» What to produce: Set every record down verbatim and omit the pictures.

» Recorded data:
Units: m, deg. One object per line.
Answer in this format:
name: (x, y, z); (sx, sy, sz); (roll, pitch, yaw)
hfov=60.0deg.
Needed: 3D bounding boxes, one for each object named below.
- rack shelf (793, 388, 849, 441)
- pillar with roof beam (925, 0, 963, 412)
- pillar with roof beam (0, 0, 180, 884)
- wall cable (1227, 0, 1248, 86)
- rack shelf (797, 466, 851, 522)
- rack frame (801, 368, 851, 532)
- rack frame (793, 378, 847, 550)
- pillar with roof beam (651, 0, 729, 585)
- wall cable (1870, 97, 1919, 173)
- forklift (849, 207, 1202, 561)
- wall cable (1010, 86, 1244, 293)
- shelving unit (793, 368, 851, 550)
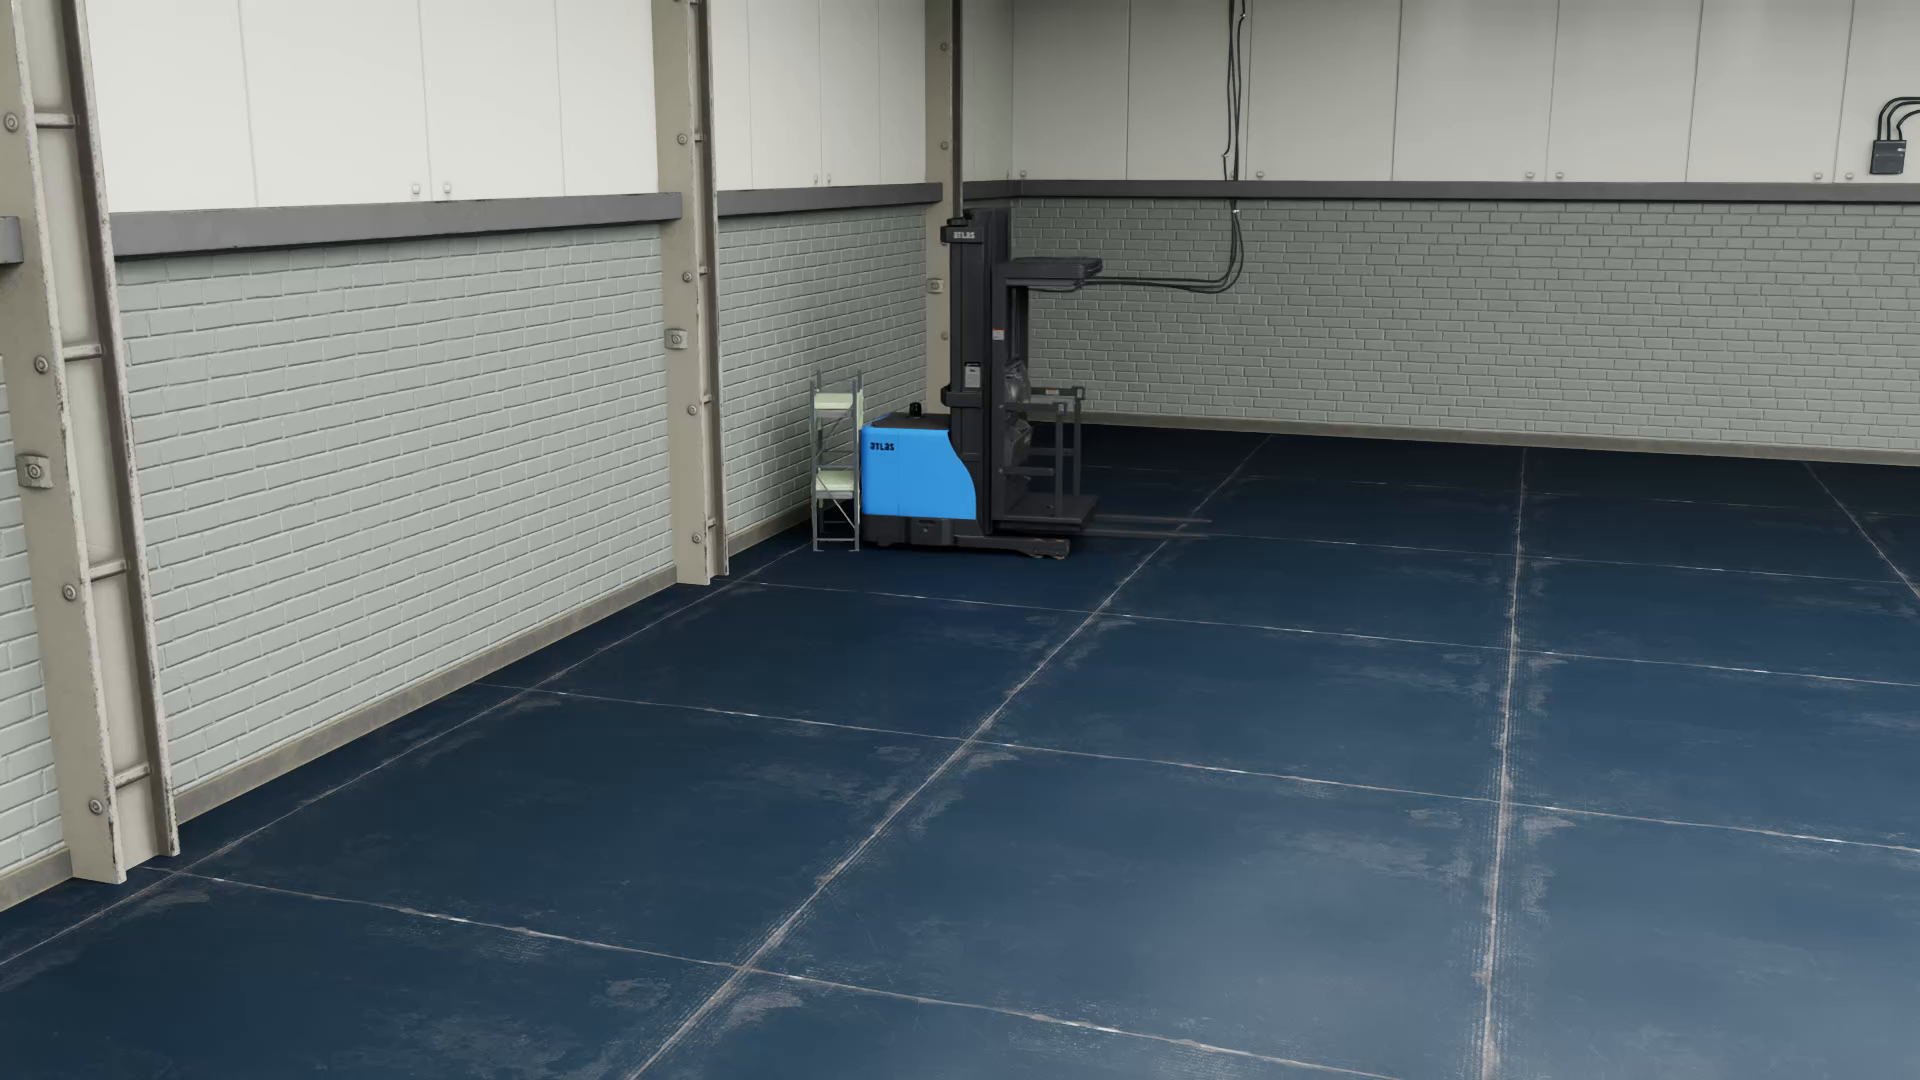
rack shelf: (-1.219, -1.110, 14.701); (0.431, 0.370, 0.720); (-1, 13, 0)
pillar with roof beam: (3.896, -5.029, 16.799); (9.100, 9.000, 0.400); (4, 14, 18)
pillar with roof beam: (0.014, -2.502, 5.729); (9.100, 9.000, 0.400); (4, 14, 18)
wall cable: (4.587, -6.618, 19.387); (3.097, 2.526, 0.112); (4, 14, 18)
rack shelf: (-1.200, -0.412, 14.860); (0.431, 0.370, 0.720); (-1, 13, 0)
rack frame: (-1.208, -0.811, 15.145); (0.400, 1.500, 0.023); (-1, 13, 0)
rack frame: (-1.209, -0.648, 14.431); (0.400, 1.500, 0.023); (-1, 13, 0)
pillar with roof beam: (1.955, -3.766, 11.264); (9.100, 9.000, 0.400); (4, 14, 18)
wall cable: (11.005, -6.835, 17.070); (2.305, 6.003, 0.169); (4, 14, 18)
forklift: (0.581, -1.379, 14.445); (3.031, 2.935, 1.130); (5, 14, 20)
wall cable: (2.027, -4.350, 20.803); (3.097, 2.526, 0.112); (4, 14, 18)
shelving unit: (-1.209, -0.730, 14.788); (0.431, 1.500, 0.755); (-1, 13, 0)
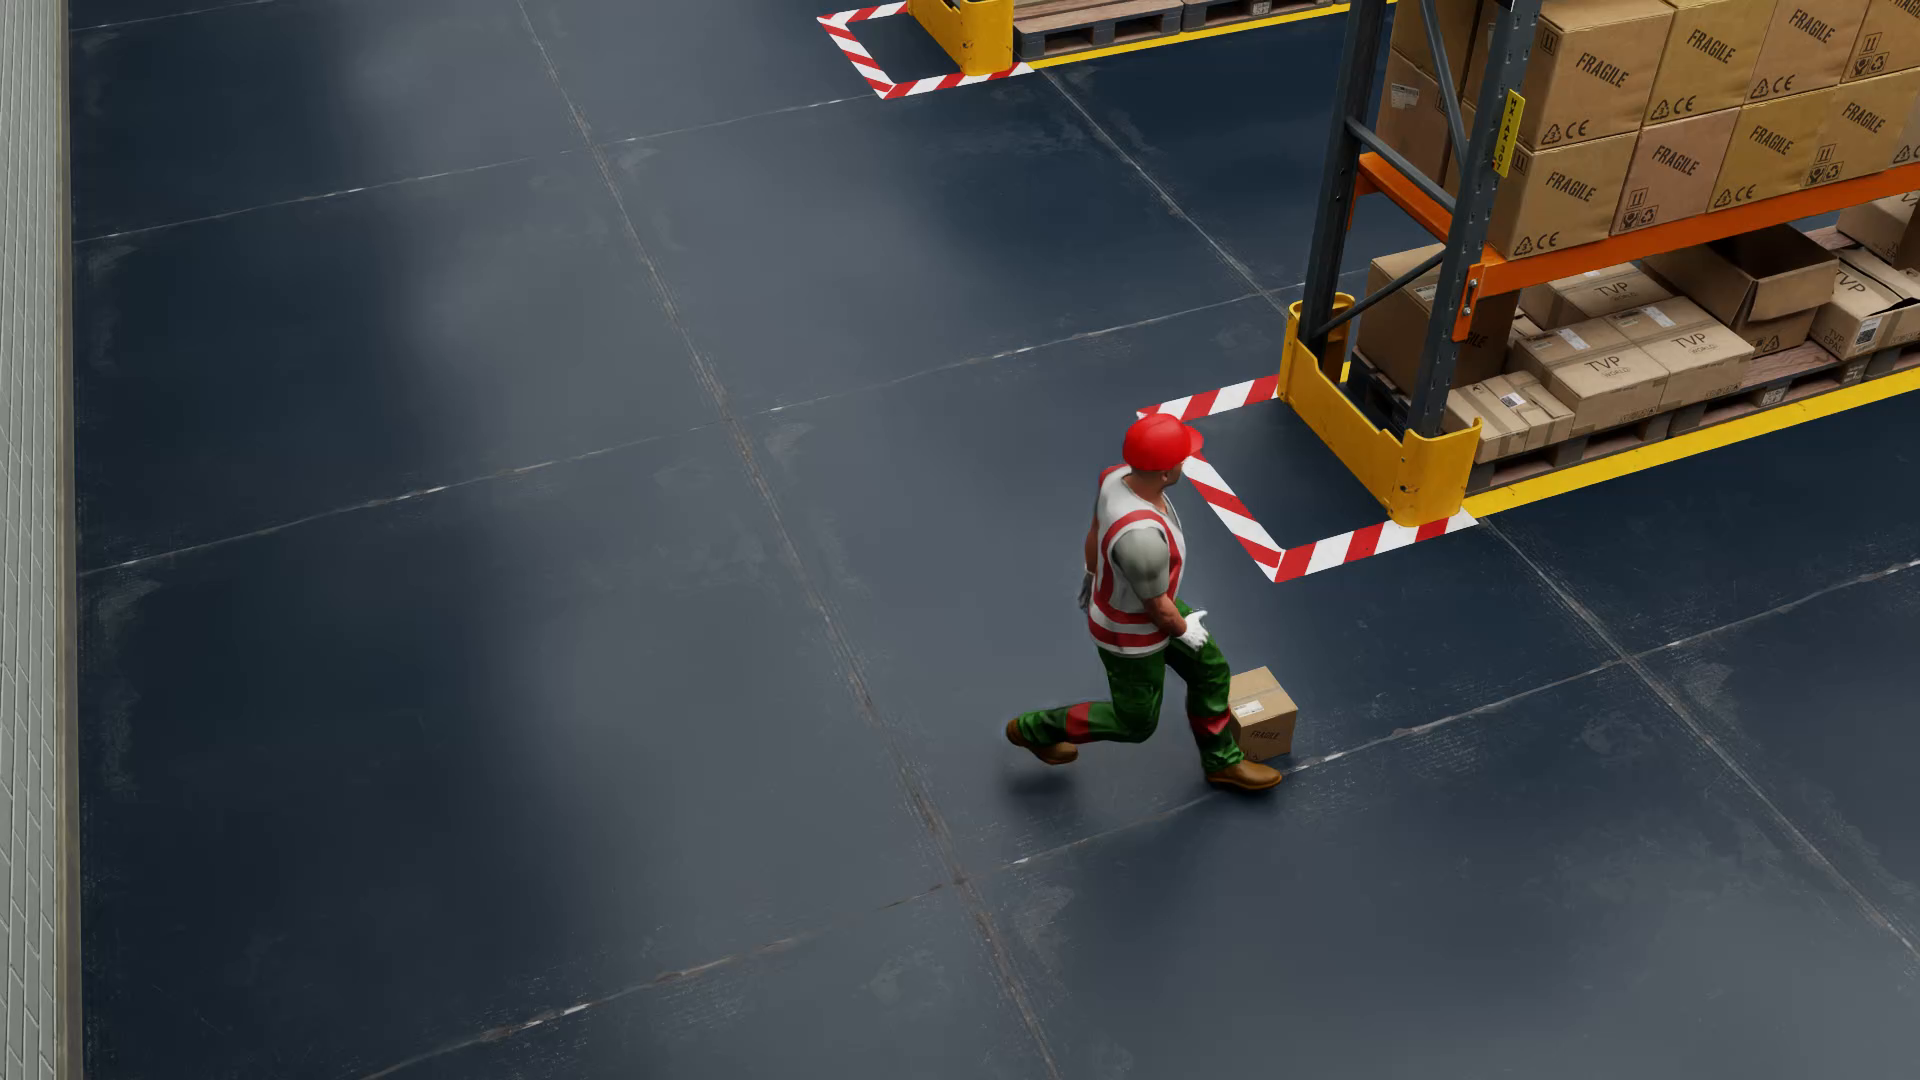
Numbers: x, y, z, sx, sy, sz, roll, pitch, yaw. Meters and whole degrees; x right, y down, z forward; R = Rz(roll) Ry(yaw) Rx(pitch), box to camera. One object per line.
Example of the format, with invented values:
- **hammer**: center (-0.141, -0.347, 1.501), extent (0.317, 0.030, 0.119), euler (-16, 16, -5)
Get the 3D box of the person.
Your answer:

» Response:
Units: m, deg. One object per line.
Answer in this format:
name: (x, y, z); (sx, sy, sz); (roll, pitch, yaw)
hfov=60.0deg.
Needed: 3D bounding boxes, one for each object named below.
- rack shelf (793, 388, 849, 441)
- pillar with roof beam (925, 0, 963, 412)
- pillar with roof beam (0, 0, 180, 884)
- wall cable (1227, 0, 1248, 86)
- rack shelf (797, 466, 851, 522)
- rack frame (801, 368, 851, 532)
- rack frame (793, 378, 847, 550)
- pillar with roof beam (651, 0, 729, 585)
- wall cable (1870, 97, 1919, 173)
- forklift (849, 207, 1202, 561)
- wall cable (1010, 86, 1244, 293)
- shelving unit (793, 368, 851, 550)
rack shelf: (-1.219, -1.110, 14.701); (0.431, 0.370, 0.720); (-1, 13, 0)
pillar with roof beam: (3.896, -5.029, 16.799); (9.100, 9.000, 0.400); (4, 14, 18)
pillar with roof beam: (0.014, -2.502, 5.729); (9.100, 9.000, 0.400); (4, 14, 18)
wall cable: (4.587, -6.618, 19.387); (3.097, 2.526, 0.112); (4, 14, 18)
rack shelf: (-1.200, -0.412, 14.860); (0.431, 0.370, 0.720); (-1, 13, 0)
rack frame: (-1.208, -0.811, 15.145); (0.400, 1.500, 0.023); (-1, 13, 0)
rack frame: (-1.209, -0.648, 14.431); (0.400, 1.500, 0.023); (-1, 13, 0)
pillar with roof beam: (1.955, -3.766, 11.264); (9.100, 9.000, 0.400); (4, 14, 18)
wall cable: (11.005, -6.835, 17.070); (2.305, 6.003, 0.169); (4, 14, 18)
forklift: (0.581, -1.379, 14.445); (3.031, 2.935, 1.130); (5, 14, 20)
wall cable: (2.027, -4.350, 20.803); (3.097, 2.526, 0.112); (4, 14, 18)
shelving unit: (-1.209, -0.730, 14.788); (0.431, 1.500, 0.755); (-1, 13, 0)
Numbers: x, y, z, sx, sy, sz, roll, pitch, yaw. Meters and whole degrees; x right, y down, z forward; R = Rz(roll) Ry(yaw) Rx(pitch), box to camera. One object per line.
Example of the format, with invented values:
- **hammer**: center (-0.141, -0.347, 1.501), extent (0.317, 0.030, 0.119), euler (-16, 16, -5)
Get the 3D box of the person.
Your answer:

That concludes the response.